Individuals connected to schizophrenia (patients, family members, mental health providers, researchers, and government officials).
The researchers sought out those with connections to schizophrenia online, in-person, and by way of mouth. The recruiters utilized mental health facilities, conferences, and social media outlets to gain participants. The sample size was about 1,200.
74% of participants favored a new name in principle after hearing the proposed new names. After being asked the first time the percentage was 69.

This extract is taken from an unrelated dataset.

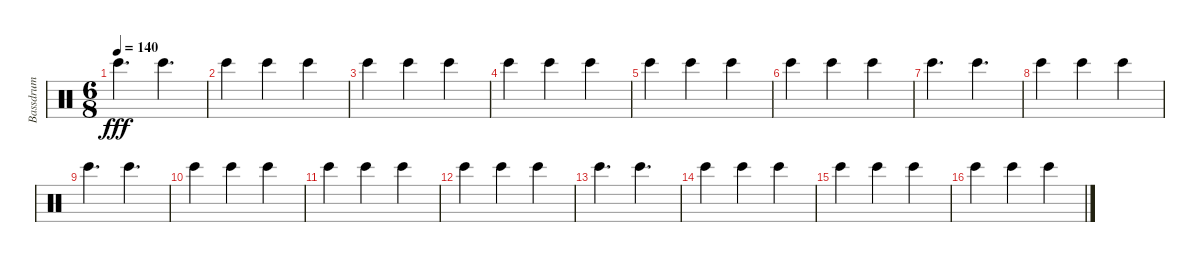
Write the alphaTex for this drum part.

Two limitations in the study include, a relatively small amount of minority participation, and a preponderance of female responders.
The inclusion of limitations ensures the study is not a misrepresentation of the target population. It ensures readers understand possible flaws in the study and how those flaws may impact results and conclusions.